Jakarta, Gatra.com - Persetujuan prakarsa Rancangan Perpres tentang Perencanaan Terpadu Percepatan Pengelolaan Perhutanan Sosial telah disetujui oleh Presiden pada 27 April 2022. Regulasi ini dianggap penting sebagai upaya percepatan distribusi akses perhutanan sosial.
Diharapkan, target 12,7 juta hektare perhutanan sosial dapat tercapai dengan 25.000 orang tenaga pendamping. Selain itu, regulasi ini juga bisa meningkatkan kualitas Kelompok Usaha Perhutanan Sosial (KUPS).
Perpres ini memuat perencanaan jangka menengah hingga tahun 2030 yang menjadi acuan para pihak dalam berkordinasi dan berkolaborasi dalam mencapai tujuan nasional. Substansi dari Perpres ini sangatlah lengkap antara lain berfokus pada upaya percepatan, target dan sasaran, strategi, program dan kegiatan, penetapan pengembangan wilayah terpadu, pelaksana, monitoring dan evaluasi, dukungan para pihak, sistem informasi berbasis digital, dan aspek pembiayaan.
Terdapat tiga fokus utama yang mencakup percepatan distribusi akses legal pengelolaan perhutanan sosial, percepatan pendampingan dan peningkatan kualitas pengembangan usaha perhutanan sosial. Sampai saat ini, telah didistribusikan 4,92 juta akses legal hektare bagi 8.223 KUPS yang didampingi 1.510 orang pendamping.
“Pendamping sangat penting untuk tranformasi pengetahuan lokal tata kelola perhutanan yang berbasis ekologi, sosial, dan ekonomi,” kata Professor IPB, Didik Suharjito pada acara pembahasan Rancangan Perpres di Jakarta, Jumat (13/5).
Selain pendampingan, pelibatan pemerintah daerah terkait pemberdayaan masyarakat juga diatur dalam regulasi ini. Rencana aksi didasarkan tapak pada daerah yang difasilitasi pembentukan kelembagaan kelompok tani hutannya dan pemerintah daerah provinsi melalui Kesatuan Pengelolaan Hutan (KPH).
“Sehingga setiap tahunnya akan tercapai tambahan distribusi akses 1 juta hektare,” ujar Dirjen Perhutanan Sosial Kementerian Lingkungan Hidup dan Kehutanan, Bambang Supriyanto.
Dalam Rancangan Perpres ini juga diatur insentif kepada para pemegang perhutanan sosial melalui Rehabilitasi Hutan dan Lahan (RHL) dalam rangka pemulihan ekosistem dan peningkatan produktivitas lahan. Peta indikatif perhutanan sosial pada umumnya berasal dari areal eks perijinan HPH/HTI, BUMN yang pada umumnya dengan tutupan lahannya rendah/gundul, daerah konflik yang memerlukan fasilitasi pemerintah untuk mencari penyelesaian dan sekaligus dalam rangka pemulihan serta peningkatan kesejahteran.

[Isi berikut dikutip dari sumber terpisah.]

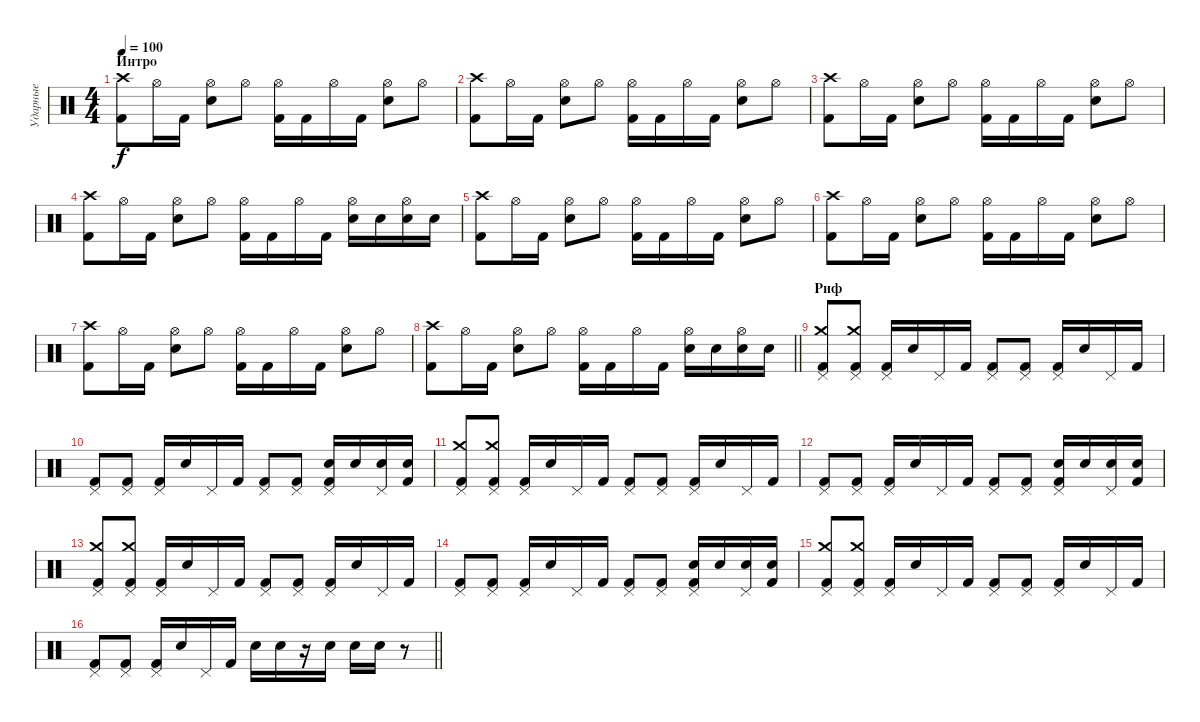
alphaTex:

Setelah mandat persetujuan prakarsa ini diberikan, harus dilaksanakan pembahasan 14 hari setelahnya. Maka pada kesempatan itu dilakukan juga pembahasan antar Kementerian/Lembaga. Disepakati Perpres ini diselesaikan pada Juli 2022 melalui pembahasan panitia antar kementerian, harmonisasi di Kemenkum HAM, dan persetujuan presiden.

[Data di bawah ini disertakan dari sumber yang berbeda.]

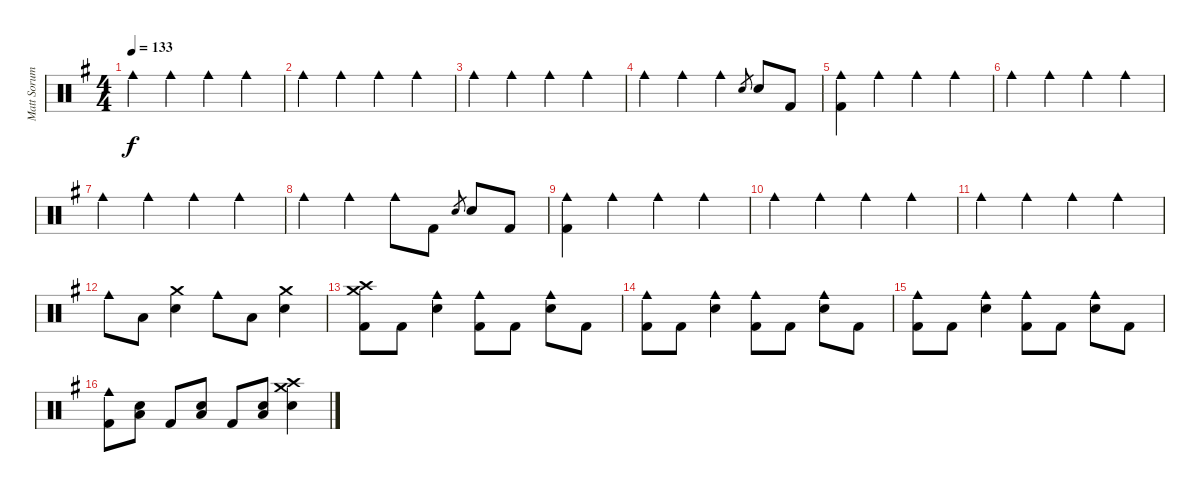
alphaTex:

\track ("Matt Sorum - Drums" "Matt Sorum") {instrument percussion}
\staff {score}
\articulation defaults
\ts (4 4)
\tempo 133
\clef neutral
\ks g "Cowbell medium (hit)".4{dy f} "Cowbell medium (hit)".4 "Cowbell medium (hit)".4 "Cowbell medium (hit)".4
|
"Cowbell medium (hit)".4 "Cowbell medium (hit)".4 "Cowbell medium (hit)".4 "Cowbell medium (hit)".4 |
"Cowbell medium (hit)".4 "Cowbell medium (hit)".4 "Cowbell medium (hit)".4 "Cowbell medium (hit)".4 |
"Cowbell medium (hit)".4 "Cowbell medium (hit)".4 "Cowbell medium (hit)".4 "Snare (hit) 2".8{gr} "Snare (hit) 2".8 "Kick (hit) 2".8 |
("Cowbell medium (hit)" "Kick (hit) 2").4 "Cowbell medium (hit)".4 "Cowbell medium (hit)".4 "Cowbell medium (hit)".4 |
"Cowbell medium (hit)".4 "Cowbell medium (hit)".4 "Cowbell medium (hit)".4 "Cowbell medium (hit)".4 |
"Cowbell medium (hit)".4 "Cowbell medium (hit)".4 "Cowbell medium (hit)".4 "Cowbell medium (hit)".4 |
"Cowbell medium (hit)".4 "Cowbell medium (hit)".4 "Cowbell medium (hit)".8 "Kick (hit) 2".8 "Snare (hit) 2".8{gr} "Snare (hit) 2".8 "Kick (hit) 2".8 |
("Cowbell medium (hit)" "Kick (hit) 2").4 "Cowbell medium (hit)".4 "Cowbell medium (hit)".4 "Cowbell medium (hit)".4 |
"Cowbell medium (hit)".4 "Cowbell medium (hit)".4 "Cowbell medium (hit)".4 "Cowbell medium (hit)".4 |
"Cowbell medium (hit)".4 "Cowbell medium (hit)".4 "Cowbell medium (hit)".4 "Cowbell medium (hit)".4 |
"Cowbell medium (hit)".8 "Low Tom (hit)".8 ("Crash medium (hit)" "Snare (hit) 2").4 "Cowbell medium (hit)".8 "Low Tom (hit)".8 ("Crash medium (hit)" "Snare (hit) 2").4 |
("Crash medium (hit)" "Crash high (hit)" "Kick (hit) 2").8 "Kick (hit) 2".8 ("Cowbell medium (hit)" "Snare (hit) 2").4 ("Cowbell medium (hit)" "Kick (hit) 2").8 "Kick (hit) 2".8 ("Cowbell medium (hit)" "Snare (hit) 2").8 "Kick (hit) 2".8 |
("Cowbell medium (hit)" "Kick (hit) 2").8 "Kick (hit) 2".8 ("Cowbell medium (hit)" "Snare (hit) 2").4 ("Cowbell medium (hit)" "Kick (hit) 2").8 "Kick (hit) 2".8 ("Cowbell medium (hit)" "Snare (hit) 2").8 "Kick (hit) 2".8 |
("Cowbell medium (hit)" "Kick (hit) 2").8 "Kick (hit) 2".8 ("Cowbell medium (hit)" "Snare (hit) 2").4 ("Cowbell medium (hit)" "Kick (hit) 2").8 "Kick (hit) 2".8 ("Cowbell medium (hit)" "Snare (hit) 2").8 "Kick (hit) 2".8 |
("Cowbell medium (hit)" "Kick (hit) 2").8 ("Low Tom (hit)" "Snare (hit) 2").8 "Kick (hit) 2".8 ("Low Tom (hit)" "Snare (hit) 2").8 "Kick (hit) 2".8 ("Low Tom (hit)" "Snare (hit) 2").8 ("Crash medium (hit)" "Crash high (hit)" "Snare (hit) 2").4

Sekretaris Jenderal KLHK, Bambang Hendroyono selaku pimpinan rapat menyampaikan bahwa Perhutanan Sosial merupakan program strategis nasional yang harus didukung oleh Kementerian/Lembaga. “Integrasi program berbasis perhutanan sosial menjadi salah satu kunci penting,” katanya.